CTV, the Canadian television network, has produced a very significant follow-up segment (click here) to their original piece on CCSVI (click here), which aired back in November. The original piece was largely responsible for the frenzy over CCSVI that has gripped the MS population, and this new piece is a worthy successor.

This well produced 22 minute segment focuses on the battle between MS patients demanding action be taken regarding CCSVI, and the mainstream medical establishment’s resistance to taking such action. Featured in the piece are profiles of patients who have undergone the Liberation Procedure to varying degrees of benefit, and interviews with some of the vascular physicians who have started to recognize the possible importance of treating MS patients who have abnormal venous anatomy.
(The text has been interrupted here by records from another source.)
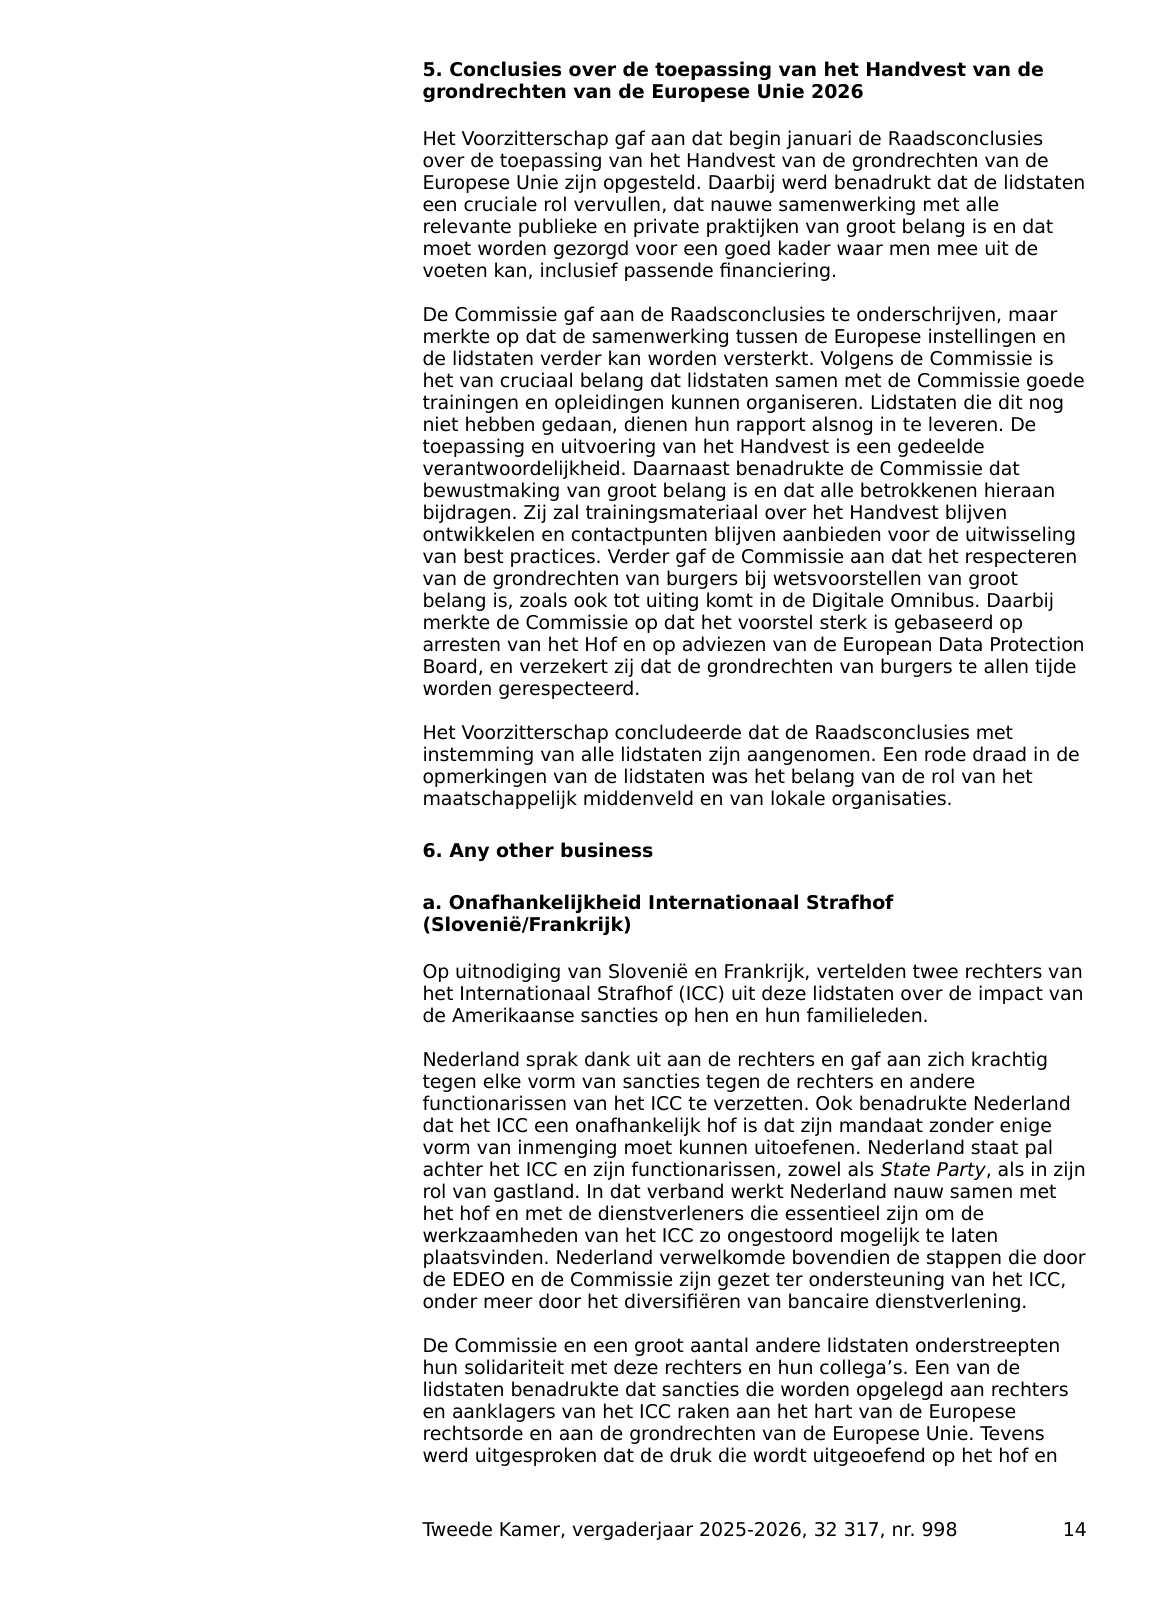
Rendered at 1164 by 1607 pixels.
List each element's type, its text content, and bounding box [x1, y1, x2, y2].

text Op uitnodiging van Slovenië en Frankrijk, vertelden twee rechters van het Internationaal Strafhof (ICC) uit deze lidstaten over de impact van de Amerikaanse sancties op hen en hun familieleden. [422, 961, 1087, 1027]
subtitle 6. Any other business [422, 840, 1087, 862]
subtitle 5. Conclusies over de toepassing van het Handvest van de grondrechten van de Europese Unie 2026 [422, 59, 1087, 103]
text De Commissie en een groot aantal andere lidstaten onderstreepten hun solidariteit met deze rechters en hun collega’s. Een van de lidstaten benadrukte dat sancties die worden opgelegd aan rechters en aanklagers van het ICC raken aan het hart van de Europese rechtsorde en aan de grondrechten van de Europese Unie. Tevens werd uitgesproken dat de druk die wordt uitgeoefend op het hof en [422, 1335, 1087, 1467]
text Nederland sprak dank uit aan de rechters en gaf aan zich krachtig tegen elke vorm van sancties tegen de rechters en andere functionarissen van het ICC te verzetten. Ook benadrukte Nederland dat het ICC een onafhankelijk hof is dat zijn mandaat zonder enige vorm van inmenging moet kunnen uitoefenen. Nederland staat pal achter het ICC en zijn functionarissen, zowel als State Party, als in zijn rol van gastland. In dat verband werkt Nederland nauw samen met het hof en met de dienstverleners die essentieel zijn om de werkzaamheden van het ICC zo ongestoord mogelijk te laten plaatsvinden. Nederland verwelkomde bovendien de stappen die door de EDEO en de Commissie zijn gezet ter ondersteuning van het ICC, onder meer door het diversifiëren van bancaire dienstverlening. [422, 1049, 1087, 1313]
text Het Voorzitterschap gaf aan dat begin januari de Raadsconclusies over de toepassing van het Handvest van de grondrechten van de Europese Unie zijn opgesteld. Daarbij werd benadrukt dat de lidstaten een cruciale rol vervullen, dat nauwe samenwerking met alle relevante publieke en private praktijken van groot belang is en dat moet worden gezorgd voor een goed kader waar men mee uit de voeten kan, inclusief passende financiering. [422, 128, 1087, 282]
text De Commissie gaf aan de Raadsconclusies te onderschrijven, maar merkte op dat de samenwerking tussen de Europese instellingen en de lidstaten verder kan worden versterkt. Volgens de Commissie is het van cruciaal belang dat lidstaten samen met de Commissie goede trainingen en opleidingen kunnen organiseren. Lidstaten die dit nog niet hebben gedaan, dienen hun rapport alsnog in te leveren. De toepassing en uitvoering van het Handvest is een gedeelde verantwoordelijkheid. Daarnaast benadrukte de Commissie dat bewustmaking van groot belang is en dat alle betrokkenen hieraan bijdragen. Zij zal trainingsmateriaal over het Handvest blijven ontwikkelen en contactpunten blijven aanbieden voor de uitwisseling van best practices. Verder gaf de Commissie aan dat het respecteren van de grondrechten van burgers bij wetsvoorstellen van groot belang is, zoals ook tot uiting komt in de Digitale Omnibus. Daarbij merkte de Commissie op dat het voorstel sterk is gebaseerd op arresten van het Hof en op adviezen van de European Data Protection Board, en verzekert zij dat de grondrechten van burgers te allen tijde worden gerespecteerd. [422, 304, 1087, 700]
text Het Voorzitterschap concludeerde dat de Raadsconclusies met instemming van alle lidstaten zijn aangenomen. Een rode draad in de opmerkingen van de lidstaten was het belang van de rol van het maatschappelijk middenveld en van lokale organisaties. [422, 722, 1087, 810]
subtitle a. Onafhankelijkheid Internationaal Strafhof (Slovenië/Frankrijk) [422, 892, 1087, 936]

Dr. Mark Freedman, one of Canada's foremost MS neurologists, is on hand to offer the arguments against taking aggressive action to investigate CCSVI, and although the points he makes are theoretically sound, in the face of the mounting (albeit so far mostly anecdotal) evidence, seem hopelessly behind the curve. Although I don't think he comes off very well here, I would like to point out that Dr. Freedman has previously done some groundbreaking MS research, including using stem cells to treat MS, so his strident resistance to the idea of CCSVI is somewhat puzzling, and certainly distressing. If doctors of his caliber were to get behind research into CCSVI, the road to authoritative answers would be that much shorter.
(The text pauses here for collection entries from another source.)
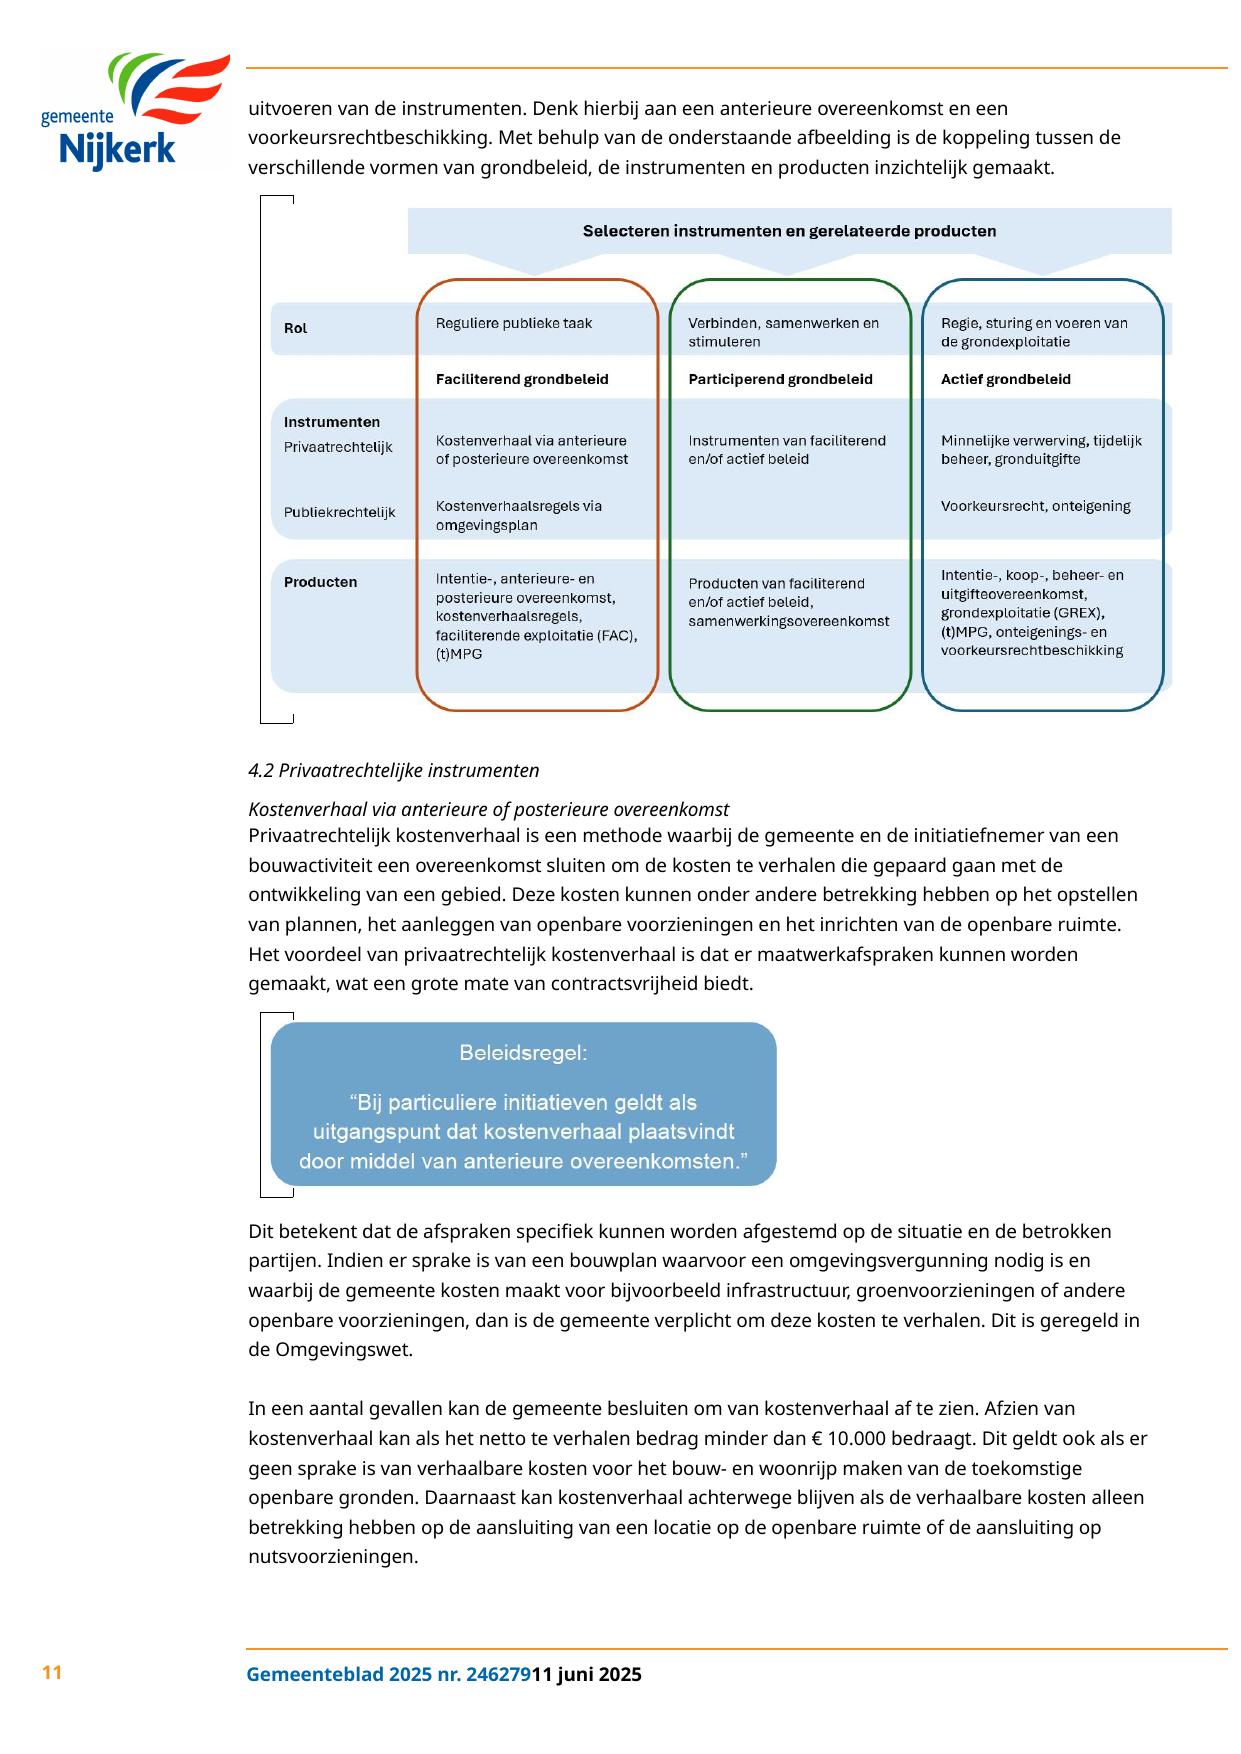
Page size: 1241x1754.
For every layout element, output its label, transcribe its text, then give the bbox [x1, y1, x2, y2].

picture [41, 47, 231, 172]
text uitvoeren van de instrumenten. Denk hierbij aan een anterieure overeenkomst en een voorkeursrechtbeschikking. Met behulp van de onderstaande afbeelding is de koppeling tussen de verschillende vormen van grondbeleid, de instrumenten en producten inzichtelijk gemaakt. [248, 95, 1152, 180]
text Kostenverhaal via anterieure of posterieure overeenkomst [248, 797, 1152, 822]
text In een aantal gevallen kan de gemeente besluiten om van kostenverhaal af te zien. Afzien van kostenverhaal kan als het netto te verhalen bedrag minder dan € 10.000 bedraagt. Dit geldt ook als er geen sprake is van verhaalbare kosten voor het bouw- en woonrijp maken van de toekomstige openbare gronden. Daarnaast kan kostenverhaal achterwege blijven als de verhaalbare kosten alleen betrekking hebben op de aansluiting van een locatie op de openbare ruimte of de aansluiting op nutsvoorzieningen. [248, 1396, 1152, 1569]
picture [268, 1020, 778, 1188]
picture [268, 204, 1173, 714]
text Dit betekent dat de afspraken specifiek kunnen worden afgestemd op de situatie en de betrokken partijen. Indien er sprake is van een bouwplan waarvoor een omgevingsvergunning nodig is en waarbij de gemeente kosten maakt voor bijvoorbeeld infrastructuur, groenvoorzieningen of andere openbare voorzieningen, dan is de gemeente verplicht om deze kosten te verhalen. Dit is geregeld in de Omgevingswet. [248, 1218, 1152, 1362]
text Privaatrechtelijk kostenverhaal is een methode waarbij de gemeente en de initiatiefnemer van een bouwactiviteit een overeenkomst sluiten om de kosten te verhalen die gepaard gaan met de ontwikkeling van een gebied. Deze kosten kunnen onder andere betrekking hebben op het opstellen van plannen, het aanleggen van openbare voorzieningen en het inrichten van de openbare ruimte. Het voordeel van privaatrechtelijk kostenverhaal is dat er maatwerkafspraken kunnen worden gemaakt, wat een grote mate van contractsvrijheid biedt. [248, 822, 1152, 996]
text 4.2 Privaatrechtelijke instrumenten [248, 757, 1152, 783]

Clearly, the vast implications that CCSVI has on the hundreds of thousands of patients suffering the quite literally crippling effects of MS demand that the scientific community take immediate notice and endeavor with much haste to either prove or disprove the theory. Given that the CCSVI hypothesis itself is fairly straightforward (although with further study I expect it will probably prove to have its complications), with proper funding it shouldn't be very difficult to launch definitive studies quickly and with scientific integrity.

This new segment also introduces us to Austrian physician Dr. Franz Schelling, who first picked up on the link between vascular abnormalities and MS in 1980, and has spent the better part of the last 30 years trying in vain to get the medical world to listen. He learned of Dr. Zamboni's initial work on CCSVI through the Internet, and initially contacted him with information gleaned from Google.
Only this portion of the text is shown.